Not sure how things are where you live, but the geographic market I was
working in saw mostly retrofits and very little integration with new
construction. As the cost of producing solar panels continues to decrease,
you'll be strengthening your position, but until that happens you likely won't
be making very much money.

Another thing to consider is the proliferation of larger solar companies that
operate on a franchise model and include service and maintenance into the cost
of the system.

If you're very passionate about clean energy and have the time to dedicate
over the next 5-10 years, I say go for it, otherwise you won't see very strong
returns. Just my 2c...

------
pjackson
I think it's a good idea. However, as with any venture, do your homework.

Research the market size, the barriers to entry, the competition, how you
might differentiate yourself, the threat of a disruptive technology making you
obsolete, etc.

The solar panels currently in widespread use are:

* Expensive * Limited in Capacity * Fragile-ish

So if I were you, I'd be looking at third-gen solar and finding ways to bring
that to people in ways your competition cannot.

------
jbryanscott
Check out NanoSolar. They have built solar cell printing technology that
prints much faster and much cheaper than anything else on the market. The
material installs somewhat like wallpaper.

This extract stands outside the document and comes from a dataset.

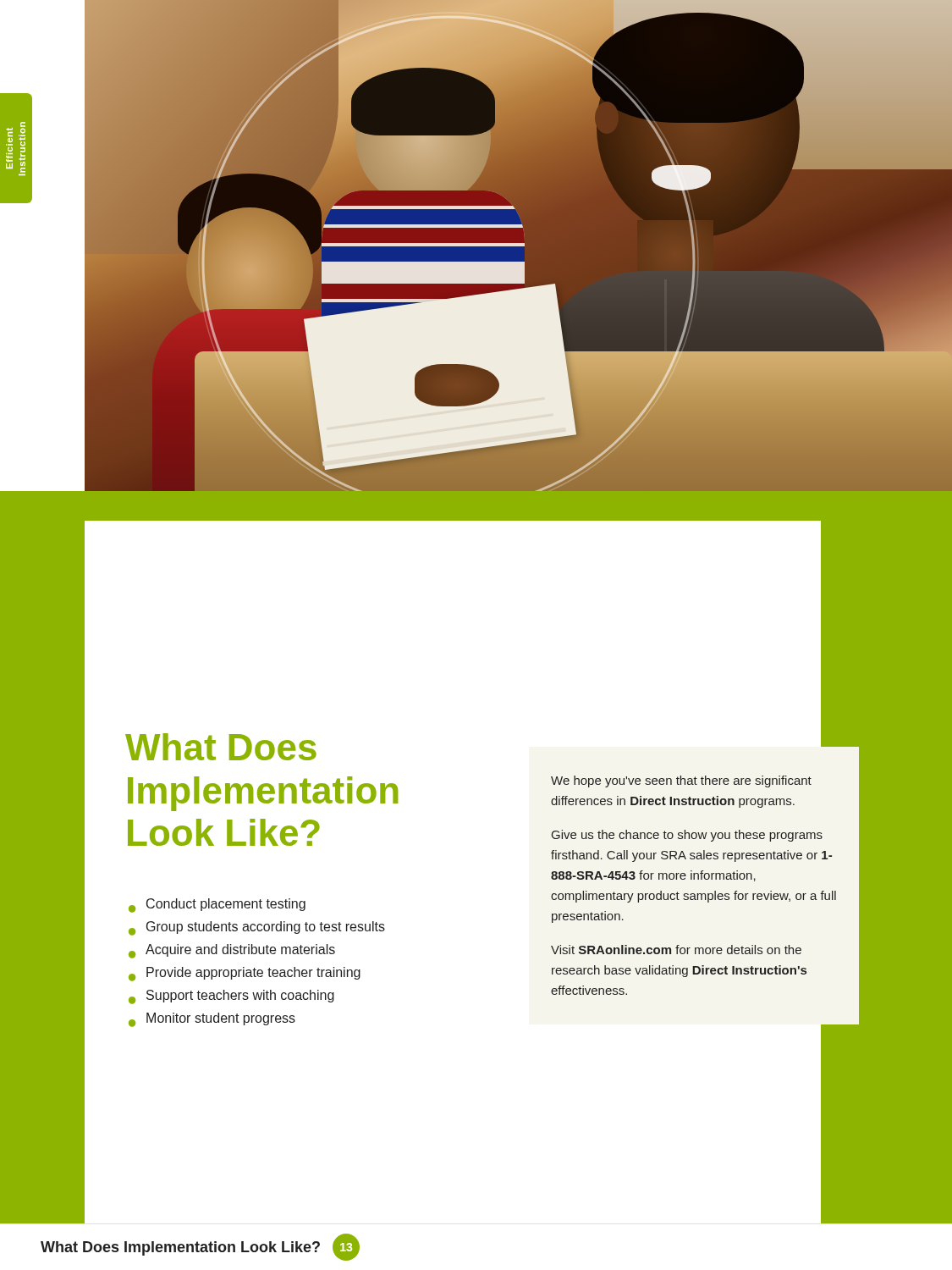This screenshot has width=952, height=1270.
Task: Click on the photo
Action: (518, 269)
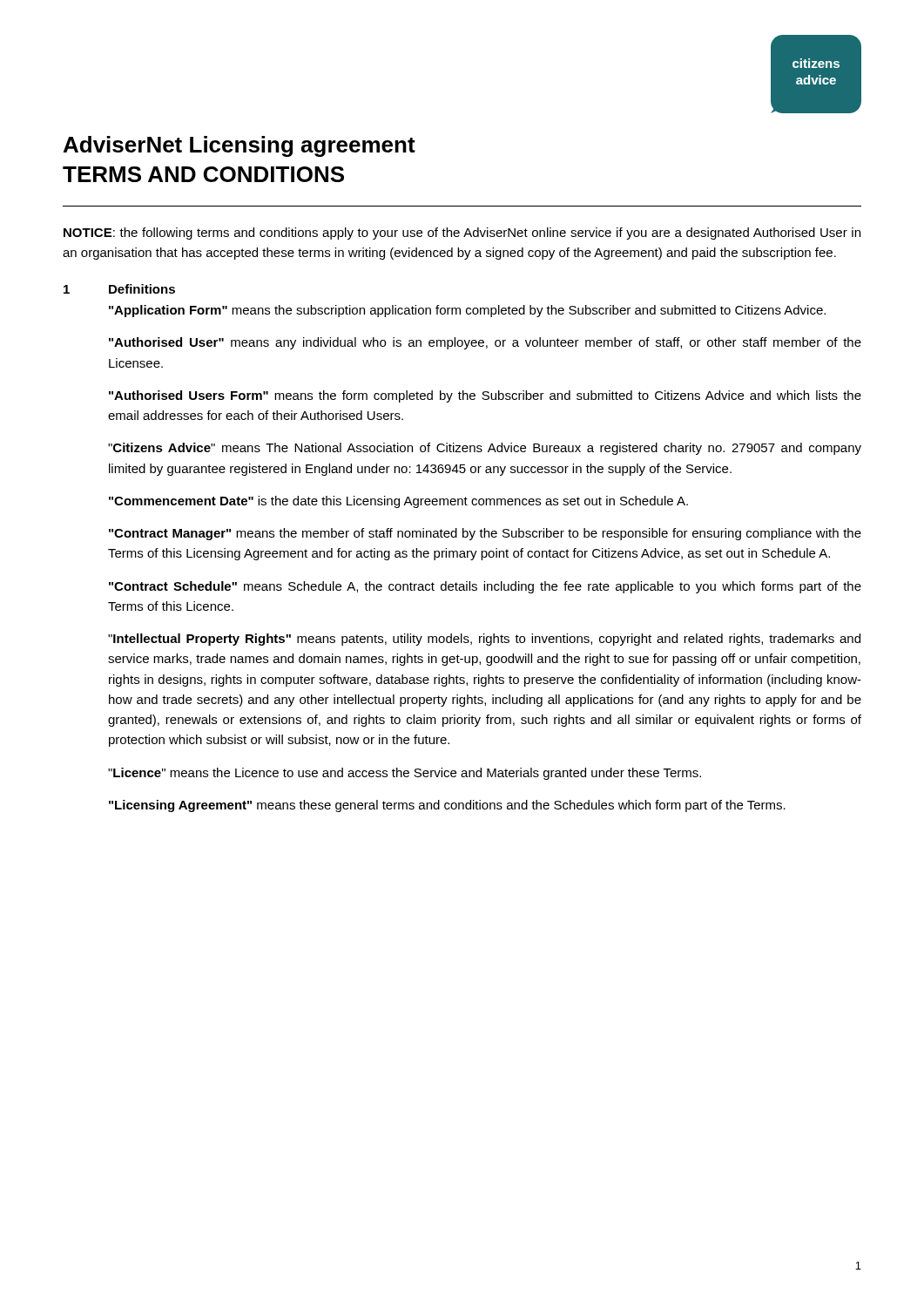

<http://www.nanosolar.com/>

------
vaksel
I'm pretty sure this is already being done on a large scale, so I'm guessing
the concept has been proven. I believe energy companies also subsidize
households that go this way, so you can use that for marketing etc

------
altay
i know some folks who'd be good to talk to. toss me an email and i'll put you
in touch.

------
noodle
sounds like a good idea for a small service business. some markets would be
better suited for it than others, though.